Whales get protection from U.S. Navy use of sonar

Sonar detects the location of underwater objects, but scientists say it causes confusion among whales and other marine animals
19 Jul 2016 – 5:44 PM EDT

A federal appeals court has ruled that the US. Navy has no authorization to use sonar as it could be harmful to whales, seals, dolphins and walruses, including altering their eating and mating habits.

The latest ruling by a San Francisco court on Friday reversed a 2012 decision that awarded the Navy permission to use a low-frequency sonar in test operations in the Pacific, Atlantic and Indian Oceans, as well as the Mediterranean Sea.

The panel of judges concluded that the fisheries service "did not give adequate protection to areas of the world's oceans flagged by its own experts as biologically important."

Environmental groups, led by the Natural Resources Defense Council, filed a lawsuit in San Francisco in 2012, arguing that the approval violated the Marine Mammal Protection Act. They argued that studies showed a real risk of noise pollution for whales and other sea animals, including strandings of these species possibly related to ocean noise.

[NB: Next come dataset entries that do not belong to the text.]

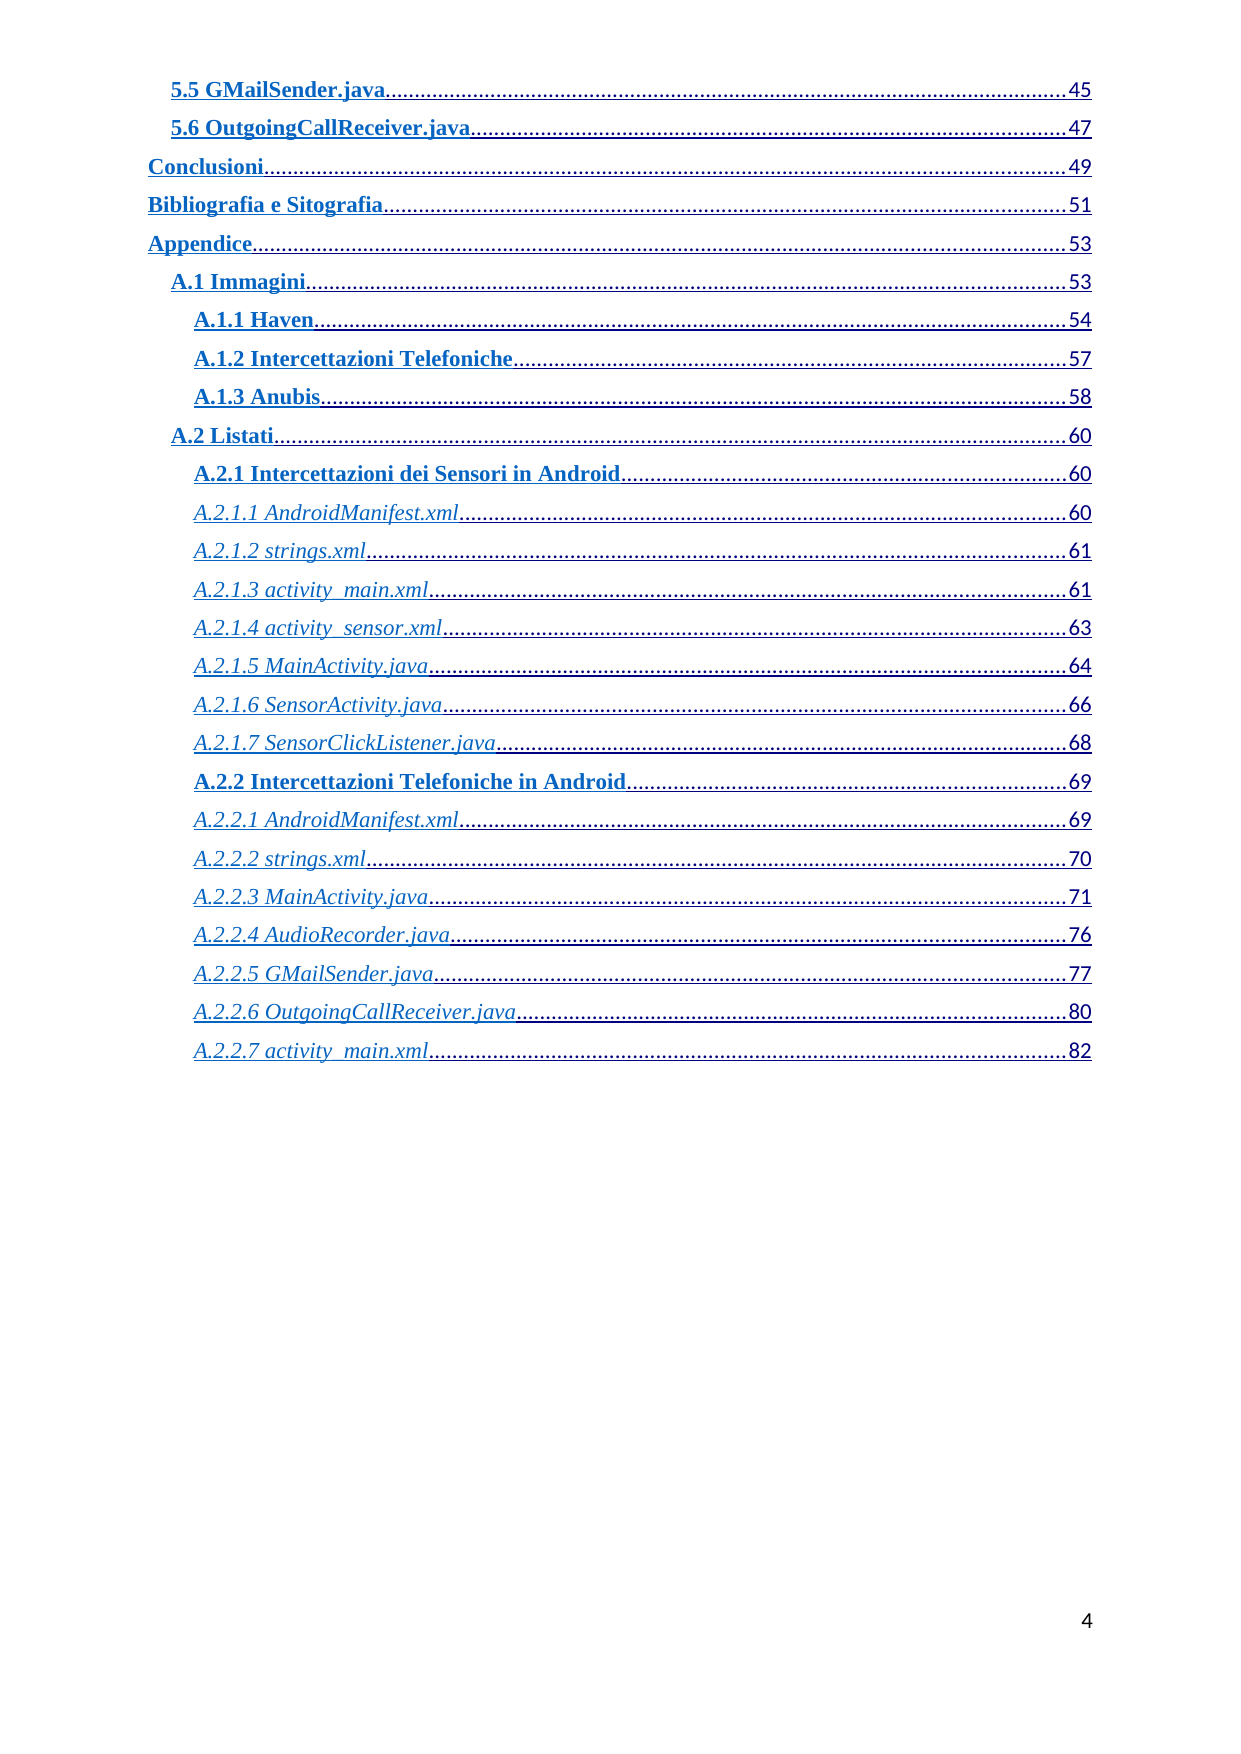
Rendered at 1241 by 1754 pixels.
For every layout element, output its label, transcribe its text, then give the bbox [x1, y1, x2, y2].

text A.2.2.4 AudioRecorder.java 76 [193, 921, 1092, 944]
text [193, 945, 1092, 949]
text Bibliografia e Sitografia 51 [148, 190, 1092, 214]
text A.1.1 Haven 54 [193, 306, 1092, 329]
text A.2.2.2 strings.xml 70 [193, 844, 1092, 868]
text A.1.2 Intercettazioni Telefoniche 57 [193, 344, 1092, 368]
text A.2.1.1 AndroidManifest.xml 60 [193, 498, 1092, 522]
text Appendice 53 [148, 229, 1092, 253]
text Conclusioni 49 [148, 152, 1092, 176]
text [193, 1022, 1092, 1026]
text A.2.1.2 strings.xml 61 [193, 536, 1092, 560]
text A.2.2 Intercettazioni Telefoniche in Android 69 [193, 767, 1092, 791]
text A.2.2.7 activity_main.xml 82 [193, 1036, 1092, 1060]
text 5.6 OutgoingCallReceiver.java 47 [171, 113, 1092, 137]
text A.1 Immagini 53 [171, 267, 1092, 291]
text A.2 Listati 60 [171, 421, 1092, 445]
text A.2.1.4 activity_sensor.xml 63 [193, 613, 1092, 637]
text A.2.2.1 AndroidManifest.xml 69 [193, 805, 1092, 829]
text [193, 407, 1092, 411]
text A.2.2.5 GMailSender.java 77 [193, 959, 1092, 983]
text A.2.1.5 MainActivity.java 64 [193, 652, 1092, 675]
text 5.5 GMailSender.java 45 [171, 75, 1092, 99]
text A.2.1.3 activity_main.xml 61 [193, 575, 1092, 599]
text A.2.2.6 OutgoingCallReceiver.java 80 [193, 997, 1092, 1021]
text [193, 330, 1092, 334]
text A.2.1.7 SensorClickListener.java 68 [193, 728, 1092, 752]
text A.2.1.6 SensorActivity.java 66 [193, 690, 1092, 714]
text A.2.2.3 MainActivity.java 71 [193, 882, 1092, 906]
text A.2.1 Intercettazioni dei Sensori in Android 60 [193, 459, 1092, 483]
text A.1.3 Anubis 58 [193, 382, 1092, 406]

Sonar is used to detect submarines the presence and location of submerged objects using acoustic waves. Whales, for example, are particularly sensitive to underwater sounds. When they hear the sound whales remain silent and stop emitting sounds that allow them to swim and communicate, for up to 10 miles from the noise source, and did not return in three days, according to a study published in the journal PlosOne.

While the new standard recognizes that the Navy has tried to limit the damage caused by sonar technology in marine life, it also found that its use in previous years left marine species unprotected and that the current ban seeks to limit the impact on the future.